Liquid molecular Velocity Distribution

[AdamPhysics]

Does Maxwell Boltzmann hold for liquids? In the case of gases it does quite well for calculating the velocity distribution given a temperature. However, when the molecules are closer together in the case of liquids, how do the van der waals force and others effect the velocity distribution.

What are the limitations on the maxwell distribution? What can be done for the case of liquid water? liquid benzene, toluene?

Thanks in advance.

 

[Andy Resnick]

The Maxwell distribution holds for non-interacting particles, like a gas. As you point out, there are intermolecular forces in liquids (and solids). I don't know how much progress has been made. I suspect more work has been done on weakly interacting molecules- which is not water. What I have seen in liquids are things like "pair distribution functions" to describe the structure of a liquid, but nothing intuitive or satisfying.

 

[AdamPhysics]

Thanks, for the help. I have done an extensive search and nothing seems to be out there on calculating the liquid interactions.

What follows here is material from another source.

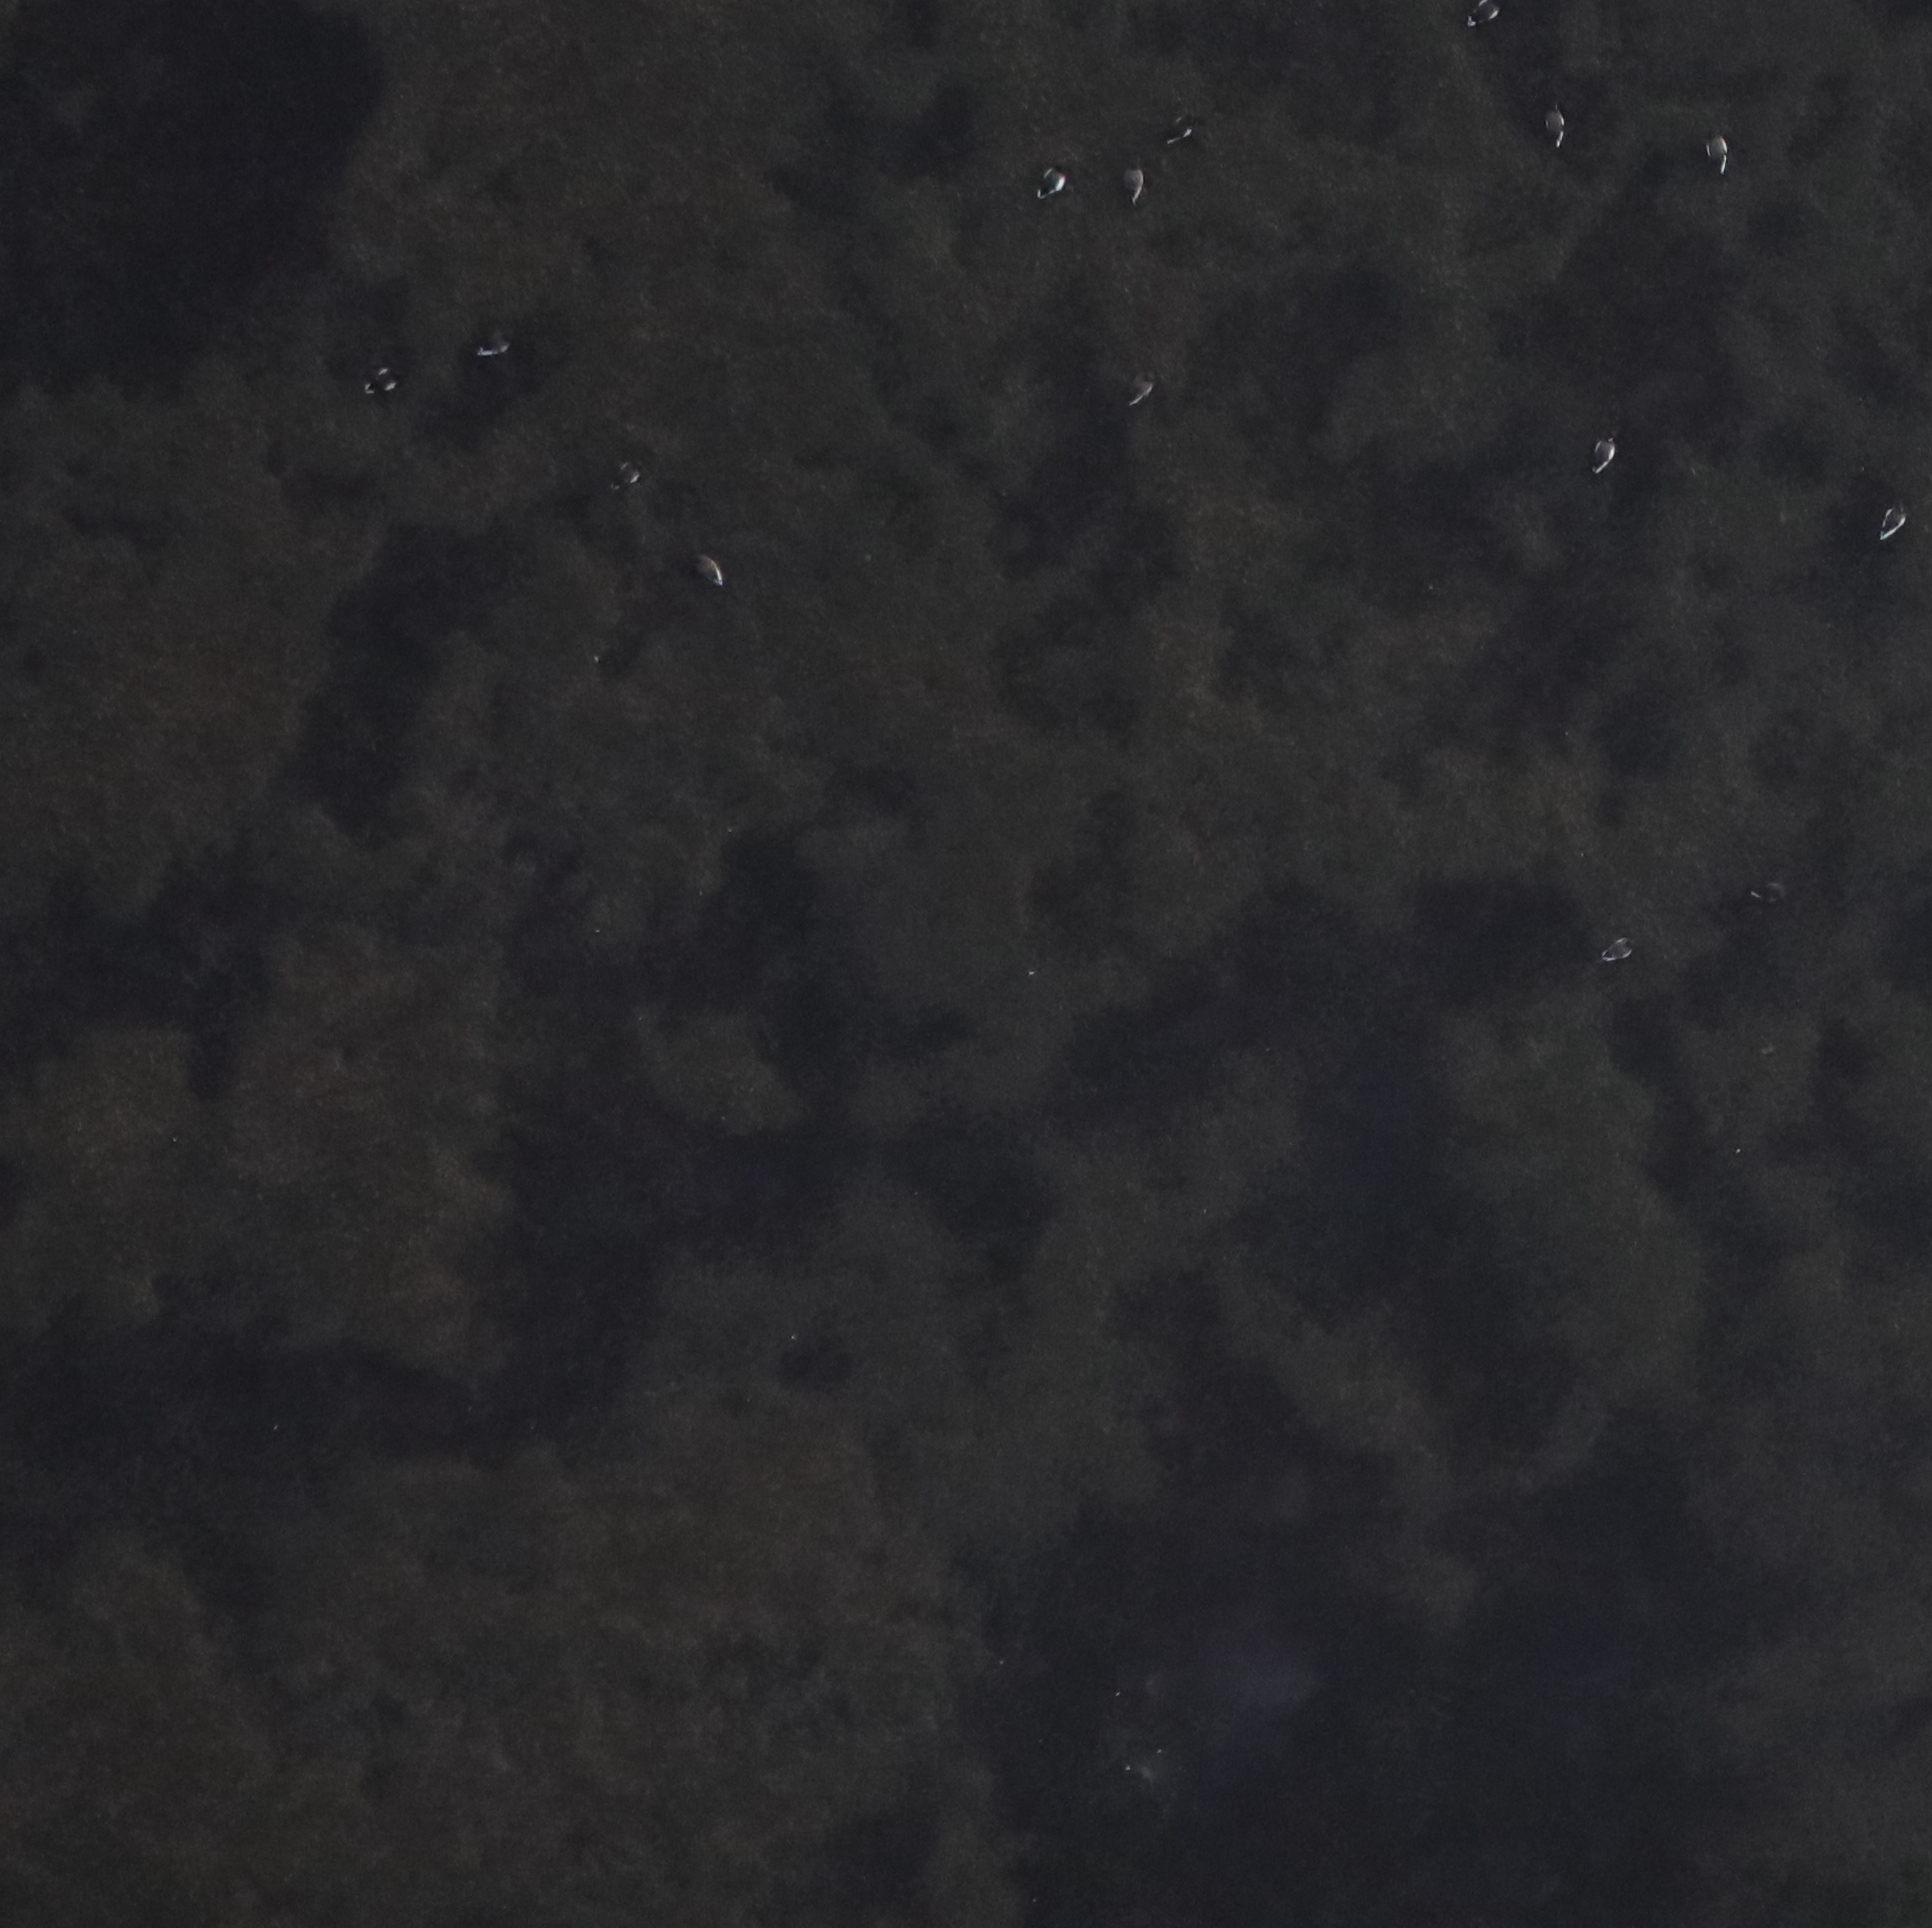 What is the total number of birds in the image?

15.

Found this publication from 1946

Proceedings of the Royal Society of London. Series A, Containing Papers of a mathematical and Physical Character
Vol. 188
Issue 1012
December 1946
Pages 10-18

Author: M. Born and H.S. Green
Title: A General Kinetic Theory of Liquids. 1. The Molecular Distribution Functions

 

[FireBones]

The molecular velocity distribution for a liquid should be (roughly) approximated by m^3v^5/(kT)^3 * EXP [-mv^2/kT]

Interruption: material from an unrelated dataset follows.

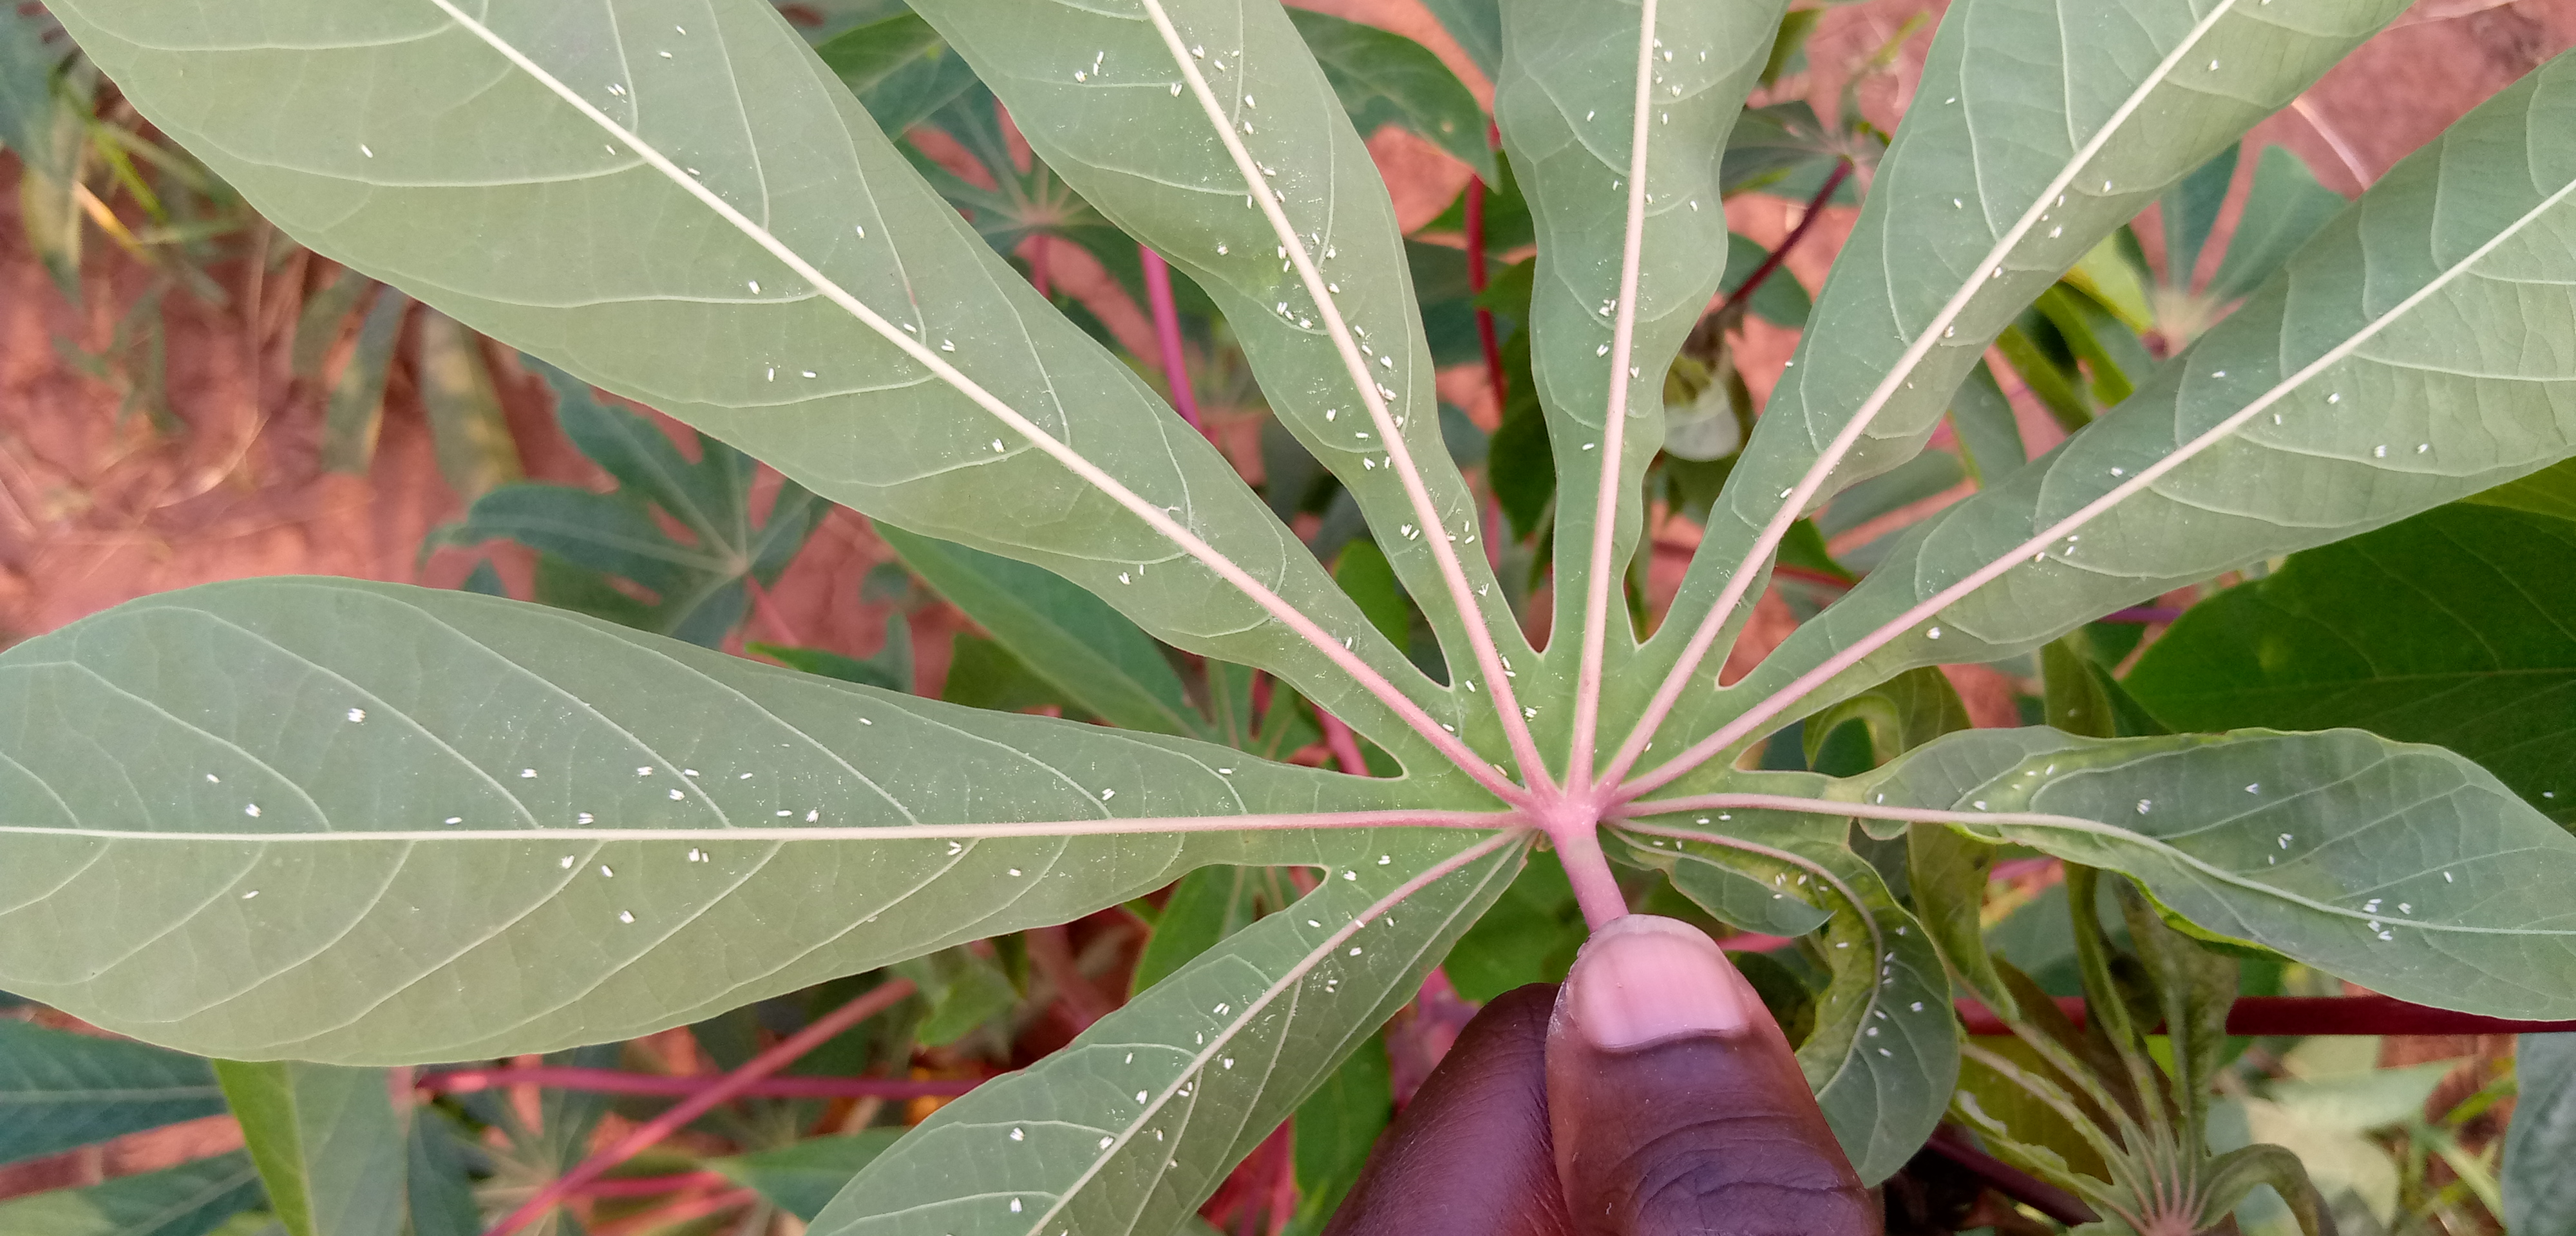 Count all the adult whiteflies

172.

The energy distribution is a lot "prettier" optically:
4E^2/(kT)^3 * EXP [-2E/kT]

Not sure if it satisfies your needs or not. This is not as accurate as the m-b distribution is for gases.

 

[FireBones]

The energy distribution is a lot "prettier" optically:
4E^2/(kT)^3 * EXP [-2E/kT]

Oops, when I translated into energy I made an error...and after rectifying it, it no longer looked particularly clean...so just ignore that half.